I have a doubt on the definition of Lie groups that I would like to clarify.
Let's have the set of functions $$G=\{ f:R^2 \rightarrow R^2 \; | \; < f(x),f(y)>=<x,y> \: \forall x,y \in R^2 \}$$, that is the set of all linear functions ℝ2→ℝ2 that preserve the inner product. Let's associate the operation of composition to the elements of G and we obtain a group $(G,\circ)$.

Now in order to say that G is indeed a Lie group we must prove that G is also a smooth manifold. How can I do this if we don't specify a parametrization (e.g. a matrix representation) for the group G ?

And also in that case, wouldn't the definition of G being a smooth manifold depend on the parametrization?

2. Aug 15, 2012

chiro

Can you use continuity and smoothness properties of the inner product and also use some assumptions for f and g to ensure this?

3. Aug 15, 2012

mnb96

I don't know. To be honest I cannot come up with other different strategies than associating each function $f\in G$ with an element of a vector space where I could perform ordinary partial differentiation w.r.t. to the parameters. But this approach is then dependent on the parametrization that I give, which may or may not be differentiable.

Perhaps there might be some theorem that states that if we are able to find just one parametrization by which we manage to prove that the "parametrized G" is a differentiable manifold, then also our "non-parametrized G" must be a differentiable manifold?

4. Aug 15, 2012

chiro

It sounds like you need some topological argument since you are talking about a general continuity property rather than some specific one (like a specific parameterization). I don't really know any topology though in depth so I'm not even aware of the major theorems.

R^2 I'm sure (as for R^n) has known topological results: can you assume that the topology is the same or at least something that keeps the smoothness properties in tact?

5. Aug 15, 2012

Bacle2

Sorry, I need to go now, but maybe try using the fact that the group you described

is usually called the orthogonal group--consisting of the elements that preserve

a given quadratic form Q* -- and it is a well-known Lie group.

* Remember that your inner-product can be described thru a quadratic form.

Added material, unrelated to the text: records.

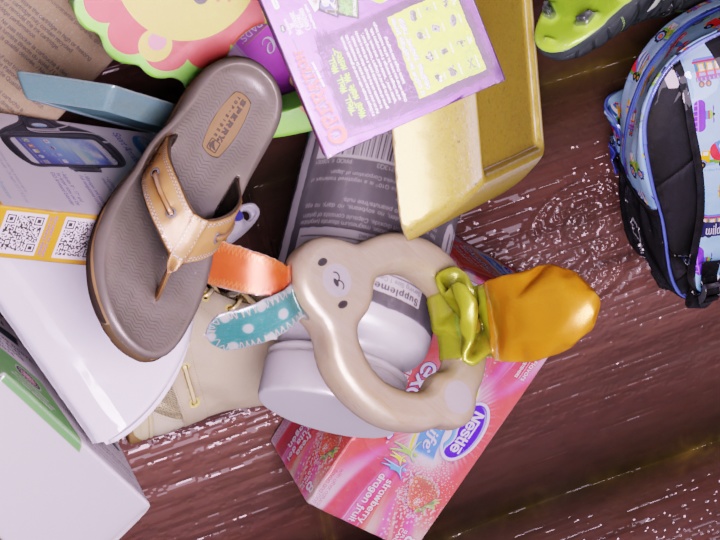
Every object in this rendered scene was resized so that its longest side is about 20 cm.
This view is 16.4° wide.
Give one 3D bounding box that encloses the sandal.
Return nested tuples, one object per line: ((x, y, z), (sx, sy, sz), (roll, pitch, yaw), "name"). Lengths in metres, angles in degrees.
((-0.096, -0.042, 1.470), (0.082, 0.054, 0.201), (39, 67, -22), "sandal")

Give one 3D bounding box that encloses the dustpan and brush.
((-0.134, 0.007, 1.584), (0.200, 0.057, 0.140), (-36, 91, -24), "dustpan and brush")

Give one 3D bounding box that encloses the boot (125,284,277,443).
((-0.095, 0.016, 1.685), (0.154, 0.073, 0.201), (-9, 118, -15), "boot")

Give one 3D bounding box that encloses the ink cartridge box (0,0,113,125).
((-0.262, -0.164, 1.539), (0.165, 0.075, 0.200), (-46, 121, 5), "ink cartridge box")

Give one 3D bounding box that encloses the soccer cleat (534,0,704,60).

to your question, tho, may have to see with using matrices in a representation of

the group. A group representation of a group G is just a homomorphism between

G and a group of matrices, so that each g in G is assigned a matrix. Once you have

a matrix, you can start talking about a topology . Just use the subspace topology

in R^{n^2} , where you assign to a matrix an n^2-ple (a11, a12,....., ann ).

See, e.g:

http://en.wikipedia.org/wiki/Orthogonal_group

Last edited: Aug 15, 2012